Am Straßenrand Geldwechsler, die ihre Geldscheine in dicken Bündeln vor sich aufgeschichtet hatten und schrien: »Changez! Changez! Wechseln Sie, wechseln Sie!«
Wir mussten einen Umweg machen, weil der Boulevard wegen einer Großdemonstration gesperrt war. Wir hatten die Fensterscheiben heruntergelassen und Lärm drang ins Auto.
Ein unsägliches Gewirr aus Hupen, Wispern, Palavern und Schreien. Getuschelte Putschgerüchte, gezischte Ängste über Hexereien, beklagte Tote, lautstarke Diskussionen über die korrupten Politiker und Fußballer, die versagt hatten, Gefeilsche um Zigaretten, Badelatschen und Erdnüsse und die Klänge von Kwassa-Kwassa und N’dombolo, einer Art kongolesischer Rumba. Ein Mischmasch aus französischen Wortfetzen, Lingala, Kikongo, dem Gackern von Hühnern, die überall am Straßenrand herumliefen, Kindergeschrei und dem Hämmern der Handwerker.

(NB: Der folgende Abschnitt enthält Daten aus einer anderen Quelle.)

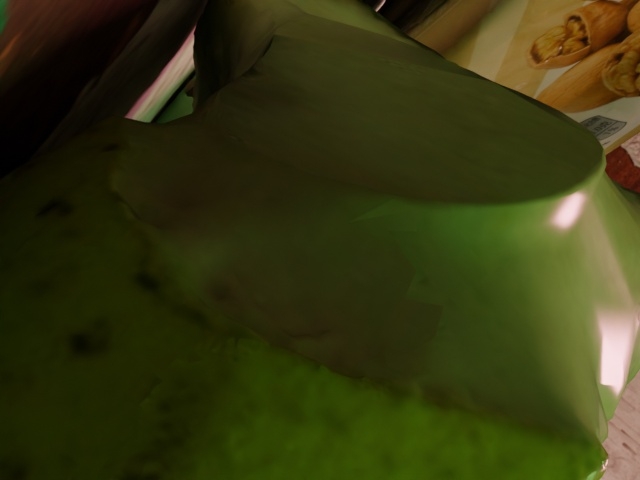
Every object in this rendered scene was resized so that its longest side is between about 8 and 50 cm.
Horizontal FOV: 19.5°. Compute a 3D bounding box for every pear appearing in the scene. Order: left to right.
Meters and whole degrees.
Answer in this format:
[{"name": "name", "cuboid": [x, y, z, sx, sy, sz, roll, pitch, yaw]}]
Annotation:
[{"name": "pear", "cuboid": [-0.050, 0.074, 0.496, 0.286, 0.176, 0.282, -56, 175, 28]}]

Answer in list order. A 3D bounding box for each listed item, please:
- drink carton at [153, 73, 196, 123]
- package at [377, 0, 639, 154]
[{"name": "drink carton", "cuboid": [0.000, 0.000, 0.696, 0.146, 0.142, 0.144, -51, 176, 13]}, {"name": "package", "cuboid": [0.120, -0.155, 0.981, 0.221, 0.165, 0.311, -2, 150, -43]}]
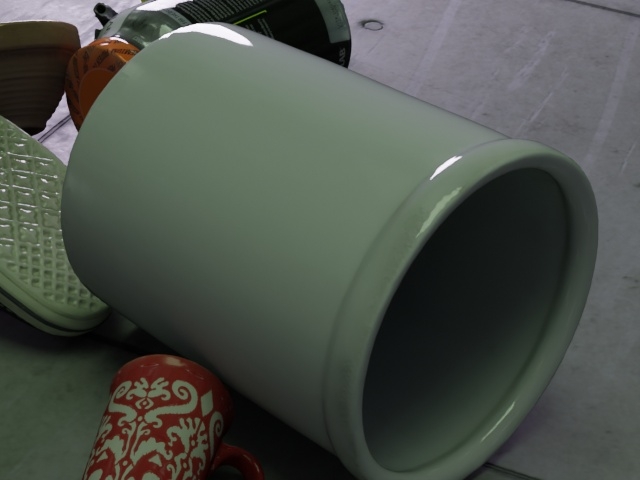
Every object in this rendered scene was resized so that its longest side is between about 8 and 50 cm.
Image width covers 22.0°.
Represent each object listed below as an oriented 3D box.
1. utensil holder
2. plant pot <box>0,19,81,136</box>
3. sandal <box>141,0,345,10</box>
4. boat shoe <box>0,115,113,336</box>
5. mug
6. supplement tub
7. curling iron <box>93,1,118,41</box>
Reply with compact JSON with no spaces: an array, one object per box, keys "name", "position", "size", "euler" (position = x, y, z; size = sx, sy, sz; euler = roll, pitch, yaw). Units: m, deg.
[{"name":"utensil holder","position":[0.000,0.000,1.494],"size":[0.385,0.327,0.328],"euler":[29,41,34]},{"name":"plant pot","position":[-0.381,-0.168,1.865],"size":[0.237,0.109,0.237],"euler":[-11,-3,-1]},{"name":"sandal","position":[-0.095,-0.306,2.154],"size":[0.317,0.126,0.138],"euler":[23,21,23]},{"name":"boat shoe","position":[-0.406,-0.052,1.702],"size":[0.500,0.156,0.187],"euler":[36,38,17]},{"name":"mug","position":[-0.129,0.195,1.393],"size":[0.150,0.113,0.169],"euler":[7,37,8]},{"name":"supplement tub","position":[-0.130,-0.203,1.912],"size":[0.194,0.193,0.316],"euler":[28,40,32]},{"name":"curling iron","position":[-0.251,-0.249,1.988],"size":[0.068,0.035,0.274],"euler":[9,-1,-2]}]
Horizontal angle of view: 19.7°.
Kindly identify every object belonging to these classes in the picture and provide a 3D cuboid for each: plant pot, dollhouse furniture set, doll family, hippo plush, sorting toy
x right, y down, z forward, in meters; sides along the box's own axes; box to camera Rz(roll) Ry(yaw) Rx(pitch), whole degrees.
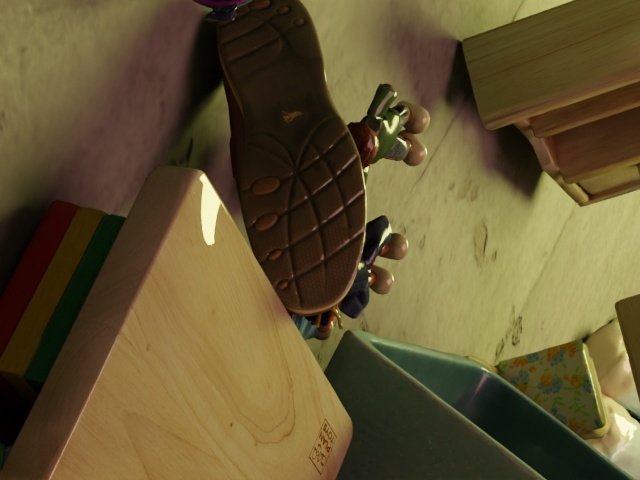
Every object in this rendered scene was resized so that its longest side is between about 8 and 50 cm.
[{"bbox_3d":[0.082,0.235,1.123,0.252,0.248,0.247,-56,155,6],"label":"plant pot"},{"bbox_3d":[0.261,0.043,1.304,0.256,0.362,0.394,30,45,-65],"label":"dollhouse furniture set"},{"bbox_3d":[0.000,0.000,1.049,0.111,0.076,0.193,-24,124,-66],"label":"doll family"},{"bbox_3d":[0.348,0.220,1.664,0.234,0.236,0.294,-42,136,-53],"label":"hippo plush"},{"bbox_3d":[-0.101,0.133,0.870,0.255,0.089,0.257,-66,152,-25],"label":"sorting toy"}]

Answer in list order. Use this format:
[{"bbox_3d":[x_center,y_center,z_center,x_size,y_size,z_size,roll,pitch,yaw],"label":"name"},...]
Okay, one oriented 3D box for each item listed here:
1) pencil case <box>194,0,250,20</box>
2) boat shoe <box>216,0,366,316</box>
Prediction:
[{"bbox_3d":[-0.019,-0.160,0.944,0.151,0.070,0.064,-34,135,-58],"label":"pencil case"},{"bbox_3d":[-0.015,-0.041,0.954,0.060,0.064,0.178,93,-13,-68],"label":"boat shoe"}]
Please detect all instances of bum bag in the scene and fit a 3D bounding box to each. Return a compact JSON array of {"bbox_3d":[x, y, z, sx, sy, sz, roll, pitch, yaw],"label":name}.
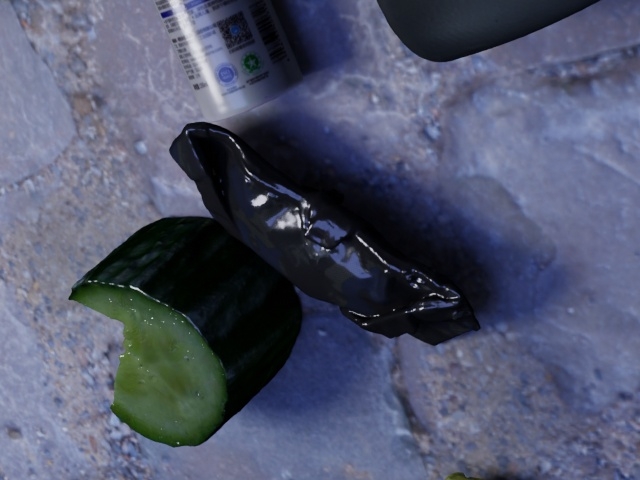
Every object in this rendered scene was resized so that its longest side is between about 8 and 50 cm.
[{"bbox_3d":[0.000,0.000,1.451,0.310,0.074,0.137,34,155,15],"label":"bum bag"}]

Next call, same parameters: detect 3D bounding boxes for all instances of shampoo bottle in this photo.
[{"bbox_3d":[-0.113,-0.250,1.391,0.092,0.092,0.303,-16,104,35],"label":"shampoo bottle"}]

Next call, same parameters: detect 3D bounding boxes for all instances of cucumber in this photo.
[{"bbox_3d":[-0.115,0.085,1.540,0.191,0.130,0.191,19,127,27],"label":"cucumber"}]

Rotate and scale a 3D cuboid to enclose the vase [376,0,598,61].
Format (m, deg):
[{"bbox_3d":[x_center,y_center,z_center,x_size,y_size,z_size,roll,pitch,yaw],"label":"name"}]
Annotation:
[{"bbox_3d":[0.199,-0.238,1.178,0.321,0.173,0.173,-11,107,27],"label":"vase"}]

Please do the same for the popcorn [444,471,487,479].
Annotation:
[{"bbox_3d":[0.119,0.270,1.480,0.162,0.136,0.141,7,145,-18],"label":"popcorn"}]
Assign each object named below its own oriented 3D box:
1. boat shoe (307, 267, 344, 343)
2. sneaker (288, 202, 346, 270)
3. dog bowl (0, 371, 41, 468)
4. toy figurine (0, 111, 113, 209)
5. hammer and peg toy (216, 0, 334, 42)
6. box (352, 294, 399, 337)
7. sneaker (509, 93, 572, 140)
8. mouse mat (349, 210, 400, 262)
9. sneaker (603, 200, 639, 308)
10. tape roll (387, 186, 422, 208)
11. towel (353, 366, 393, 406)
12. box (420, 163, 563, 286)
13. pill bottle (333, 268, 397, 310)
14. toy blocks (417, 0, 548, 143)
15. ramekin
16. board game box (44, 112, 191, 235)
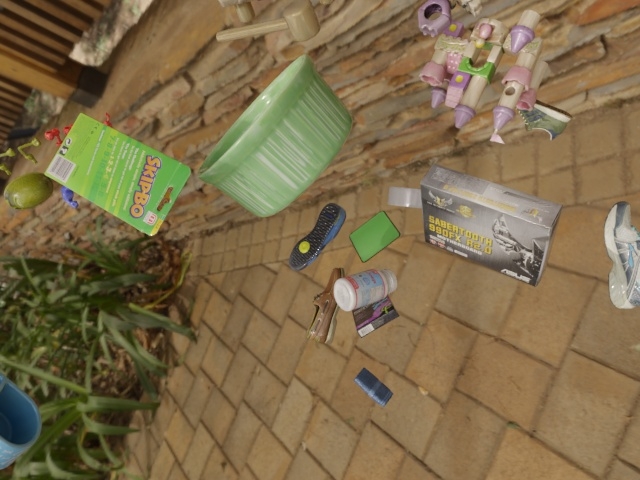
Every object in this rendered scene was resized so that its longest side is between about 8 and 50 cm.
[{"bbox_3d":[0.022,0.246,1.949,0.111,0.104,0.307,124,159,-73],"label":"boat shoe"},{"bbox_3d":[0.000,0.000,1.316,0.069,0.082,0.209,35,90,30],"label":"sneaker"},{"bbox_3d":[-0.722,0.354,1.059,0.074,0.297,0.166,-29,28,6],"label":"dog bowl"},{"bbox_3d":[-0.656,-0.186,1.365,0.217,0.362,0.191,30,137,31],"label":"toy figurine"},{"bbox_3d":[-0.091,-0.555,1.032,0.266,0.127,0.361,-4,52,16],"label":"hammer and peg toy"},{"bbox_3d":[0.145,0.197,1.350,0.116,0.029,0.162,-31,9,4],"label":"box"},{"bbox_3d":[0.582,-0.343,1.373,0.192,0.064,0.086,31,126,17],"label":"sneaker"},{"bbox_3d":[0.174,-0.015,1.632,0.152,0.007,0.190,-37,31,9],"label":"mouse mat"},{"bbox_3d":[0.825,0.035,1.294,0.122,0.110,0.283,-8,87,49],"label":"sneaker"},{"bbox_3d":[0.372,-0.165,1.926,0.219,0.219,0.072,15,102,52],"label":"tape roll"},{"bbox_3d":[0.157,0.440,1.487,0.119,0.067,0.029,40,127,14],"label":"towel"},{"bbox_3d":[0.297,-0.026,0.896,0.231,0.183,0.056,25,65,28],"label":"box"},{"bbox_3d":[0.121,0.124,1.303,0.087,0.160,0.087,27,124,50],"label":"pill bottle"},{"bbox_3d":[0.374,-0.406,1.237,0.288,0.309,0.260,27,92,28],"label":"toy blocks"},{"bbox_3d":[-0.080,-0.189,0.950,0.303,0.148,0.303,-41,22,20],"label":"ramekin"},{"bbox_3d":[-0.329,-0.109,0.815,0.259,0.039,0.124,27,85,23],"label":"board game box"}]
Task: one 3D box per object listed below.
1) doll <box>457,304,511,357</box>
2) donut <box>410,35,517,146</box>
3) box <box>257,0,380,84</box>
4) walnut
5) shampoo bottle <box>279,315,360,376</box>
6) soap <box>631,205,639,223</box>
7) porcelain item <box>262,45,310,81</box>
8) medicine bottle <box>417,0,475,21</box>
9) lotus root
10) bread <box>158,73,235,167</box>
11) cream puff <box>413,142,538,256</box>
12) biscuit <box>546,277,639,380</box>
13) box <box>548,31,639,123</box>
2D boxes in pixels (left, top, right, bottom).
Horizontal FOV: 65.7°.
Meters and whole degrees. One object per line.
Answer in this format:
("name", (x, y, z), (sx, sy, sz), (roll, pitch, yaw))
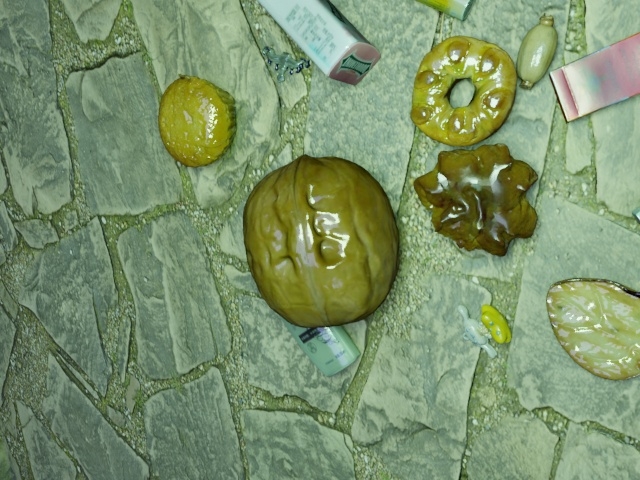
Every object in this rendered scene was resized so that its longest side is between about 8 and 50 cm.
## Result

»Eau pure, eau pure! Sauberes Wasser!«, rief ein Wasserverkäufer und hielt mir durch das offene Autofenster eine kleine Plastiktüte mit eingeschweißtem, aber garantiert nicht sauberem Wasser vor die Nase. Der Wasserverkäufer war nicht älter als ich. Ich wollte sein Wasser nicht, griff aber in meine Hosentasche und streckte ihm einen Kaugummi hin. Er verharrte einen Augenblick ungläubig, grinste kurz, dann grapschte er danach und rannte davon, als wäre der Teufel höchstpersönlich hinter ihm her. Grandpère hatte es gesehen, sagte aber nichts und lächelte. Niemand sonst aus der Familie hätte gelächelt. Doch. Amali. Aber sonst niemand. Chacun pour soi. Jeder für sich. Das war nun mal das Motto hier.